Sum(6, 2, 2) = Sum(6, 1, 1)

Please take a closer look at the above recursion. The sub-problems in RED are solved first time and sub-problems in BLUE are solved again (exhibit overlapping sub-problems). Hence, storing the results of the solved sub-problems saves time.



Following is C++ implementation of Dynamic Programming approach.

// C++ program to find number of ways to get sum 'x' with 'n'
// dice where every dice has 'm' faces
#include <iostream>
#include <string.h>
using namespace std;

// The main function that returns number of ways to get sum 'x'
// with 'n' dice and 'm' with m faces.
int findWays(int m, int n, int x)
{
    // Create a table to store results of subproblems.  One extra 
    // row and column are used for simpilicity (Number of dice
    // is directly used as row index and sum is directly used
    // as column index).  The entries in 0th row and 0th column
    // are never used.
    int table[n + 1][x + 1];
    memset(table, 0, sizeof(table)); // Initialize all entries as 0

    // Table entries for only one dice
    for (int j = 1; j <= m && j <= x; j++)
        table[1][j] = 1;

    // Fill rest of the entries in table using recursive relation
    // i: number of dice, j: sum
    for (int i = 2; i <= n; i++)
        for (int j = 1; j <= x; j++)
            for (int k = 1; k <= m && k < j; k++)
                table[i][j] += table[i-1][j-k];

    /* Uncomment these lines to see content of table
    for (int i = 0; i <= n; i++)
    {
      for (int j = 0; j <= x; j++)
        cout << table[i][j] << " ";
      cout << endl;
    } */
    return table[n][x];
}

// Driver program to test above functions
int main()
{
    cout << findWays(4, 2, 1) << endl;
    cout << findWays(2, 2, 3) << endl;
    cout << findWays(6, 3, 8) << endl;
    cout << findWays(4, 2, 5) << endl;
    cout << findWays(4, 3, 5) << endl;

    return 0;
}

Output:

0
2
21
4
6

Time Complexity: O(m * n * x) where m is number of faces, n is number of dice and x is given sum.
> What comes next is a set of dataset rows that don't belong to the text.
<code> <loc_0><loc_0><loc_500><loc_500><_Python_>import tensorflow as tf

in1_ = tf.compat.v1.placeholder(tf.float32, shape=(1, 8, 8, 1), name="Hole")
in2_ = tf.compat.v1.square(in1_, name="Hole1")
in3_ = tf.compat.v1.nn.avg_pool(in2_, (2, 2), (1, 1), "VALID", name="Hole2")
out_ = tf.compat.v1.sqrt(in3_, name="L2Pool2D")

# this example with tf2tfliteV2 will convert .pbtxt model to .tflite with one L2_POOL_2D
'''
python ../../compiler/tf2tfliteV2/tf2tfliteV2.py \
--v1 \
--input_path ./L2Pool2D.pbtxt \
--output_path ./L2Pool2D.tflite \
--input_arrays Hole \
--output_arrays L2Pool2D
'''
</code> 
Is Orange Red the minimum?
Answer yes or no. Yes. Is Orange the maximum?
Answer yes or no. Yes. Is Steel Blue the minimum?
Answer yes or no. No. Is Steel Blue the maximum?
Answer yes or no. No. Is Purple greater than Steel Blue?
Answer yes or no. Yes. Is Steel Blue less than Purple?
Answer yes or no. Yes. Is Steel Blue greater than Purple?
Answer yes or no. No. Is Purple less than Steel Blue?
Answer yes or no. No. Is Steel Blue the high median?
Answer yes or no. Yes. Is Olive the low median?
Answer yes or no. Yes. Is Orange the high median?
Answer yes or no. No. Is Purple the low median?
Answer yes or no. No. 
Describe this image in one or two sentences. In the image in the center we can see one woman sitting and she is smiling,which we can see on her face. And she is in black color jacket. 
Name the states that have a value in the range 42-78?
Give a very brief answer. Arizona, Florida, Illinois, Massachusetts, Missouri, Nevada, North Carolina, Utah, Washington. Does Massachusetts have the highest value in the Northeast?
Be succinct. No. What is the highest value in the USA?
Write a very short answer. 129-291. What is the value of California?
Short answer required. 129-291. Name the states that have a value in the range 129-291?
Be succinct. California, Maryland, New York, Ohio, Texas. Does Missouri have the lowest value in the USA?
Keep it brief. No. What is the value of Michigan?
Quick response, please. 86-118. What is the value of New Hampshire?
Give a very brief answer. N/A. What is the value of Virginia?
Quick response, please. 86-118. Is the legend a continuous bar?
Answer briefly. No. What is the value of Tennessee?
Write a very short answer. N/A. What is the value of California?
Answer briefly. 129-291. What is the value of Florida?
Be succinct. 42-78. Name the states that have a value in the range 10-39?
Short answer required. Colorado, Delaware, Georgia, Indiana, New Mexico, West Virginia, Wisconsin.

We can add following two conditions at the beginning of findWays() to improve performance of program for extreme cases (x is too high or x is too low)

    
    // When x is so high that sum can not go beyond x even when we 
    // get maximum value in every dice throw. 
    if (m*n <= x)
        return (m*n == x);
 
    // When x is too low
    if (n >= x)
        return (n == x);

With above conditions added, time complexity becomes O(1) when x >= m*n or when x <= n. Exercise:
Extend the above algorithm to find the probability to get Sum > X.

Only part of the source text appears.